SNP discovery and chromosome anchoring provide the first physically-anchored hexaploid oat map and reveal synteny with model species

Abstract

A physically anchored consensus map is foundational to modern genomics research; however, construction of such a map in oat (Avena sativa L., 2n = 6x = 42) has been hindered by the size and complexity of the genome, the scarcity of robust molecular markers, and the lack of aneuploid stocks. Resources developed in this study include a modified SNP discovery method for complex genomes, a diverse set of oat SNP markers, and a novel chromosome-deficient SNP anchoring strategy. These resources were applied to build the first complete, physically-anchored consensus map of hexaploid oat. Approximately 11,000 high-confidence in silico SNPs were discovered based on nine million inter-varietal sequence reads of genomic and cDNA origin. GoldenGate genotyping of 3,072 SNP assays yielded 1,311 robust markers, of which 985 were mapped in 390 recombinant-inbred lines from six bi-parental mapping populations ranging in size from 49 to 97 progeny. The consensus map included 985 SNPs and 68 previously-published markers, resolving 21 linkage groups with a total map distance of 1,838.8 cM. Consensus linkage groups were assigned to 21 chromosomes using SNP deletion analysis of chromosome-deficient monosomic hybrid stocks. Alignments with sequenced genomes of rice and Brachypodium provide evidence for extensive conservation of genomic regions, and renewed encouragement for orthology-based genomic discovery in this important hexaploid species. These results also provide a framework for high-resolution genetic analysis in oat, and a model for marker development and map construction in other species with complex genomes and limited resources.

Figure 1. In silico SNP discovery approaches.

Both methods started with a set of quality-trimmed 454 sequence reads identified by source germplasm from either the cDNA libraries or from DArT-based genomic complexity reductions. A. In the single template approach (STA), the reads were assembled by MIRA software to generate a consensus sequence for each contig. Four reference genomes were selected based on membership in four different quadrants of a principle component analysis that had been conducted previously using DArT markers. Consensus sequences from all varieties were assembled against each of the four reference genomes, and candidate SNPs were called using Roche GSMapper. SNPs were filtered based on several criteria, as described in the methods. Redundant SNPs were identified using BLASTN. B. In the composite template approach (CTA), reads were assembled within varieties at a high stringency using DNAstar Seqman Software. Then the consensus reads were filtered and truncated to include only those parts having perfect alignment with greater than two reads.
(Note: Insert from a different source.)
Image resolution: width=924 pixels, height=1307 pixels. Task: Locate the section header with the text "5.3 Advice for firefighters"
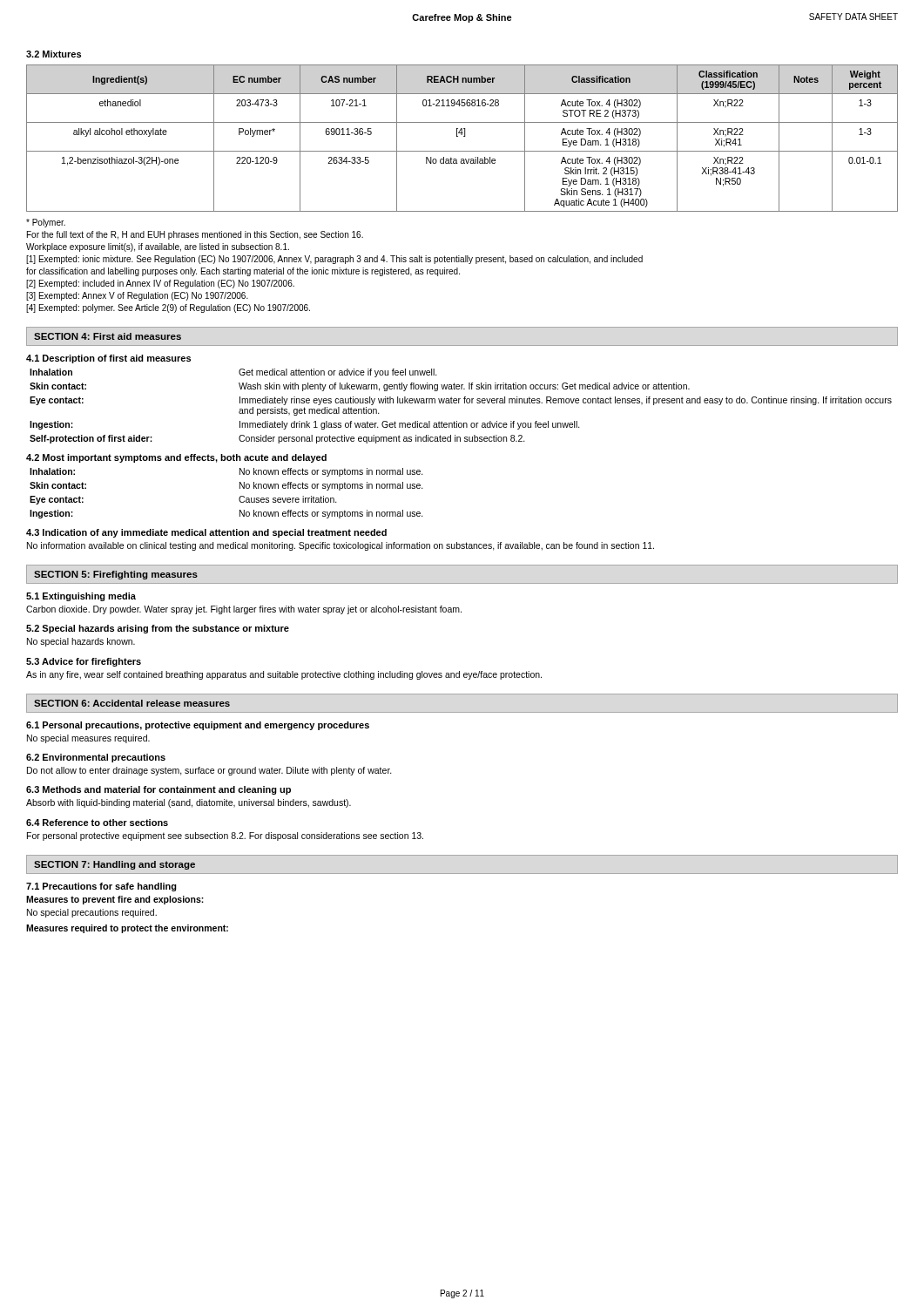click(x=84, y=661)

The consensus reads were then concatenated and subjected to a single composite assembly at lower stringency. The consensus from this assembly was used as a composite reference genome to call SNPs. Although the SNP calling and filtering process was similar to CTA, this pipeline was automated using in-house software called “Ace-of-Base”.

Figure 2. Marker density and positions for individual linkage maps (Otana/PI 260616, A; Provena/94197A1-9-2-2-2-5, B; Ogle/TAM O-301, C; Hurdal/Z-959-1, D; SolFi/HiFi, E; and Kanota/Ogle, F) in relationship to the consensus.

Marker positions in the consensus map are indicated by the scales on the left axes; positions of each corresponding marker in the component maps are indicated by a color gradient described in the key.

Figure 3. Chromosome anchoring of consensus linkage map.

Grey dots indicate positions of non-anchored markers on each linkage group, while colored dots indicate positions of physically anchored SNPs (blue dots), DArTs (red up arrows), and RFLPs (green down arrows).

Figure 4. Regions of sequence similarity between SNP markers on 21 chromosomes from an oat consensus map (8A to 21D) and chromosomes from the sequenced genomes of Brachypodium distachyon (Bd) and Oryza sativa (Os).

Regions of substantial colinearity have been interpolated using chromosome-specific colors.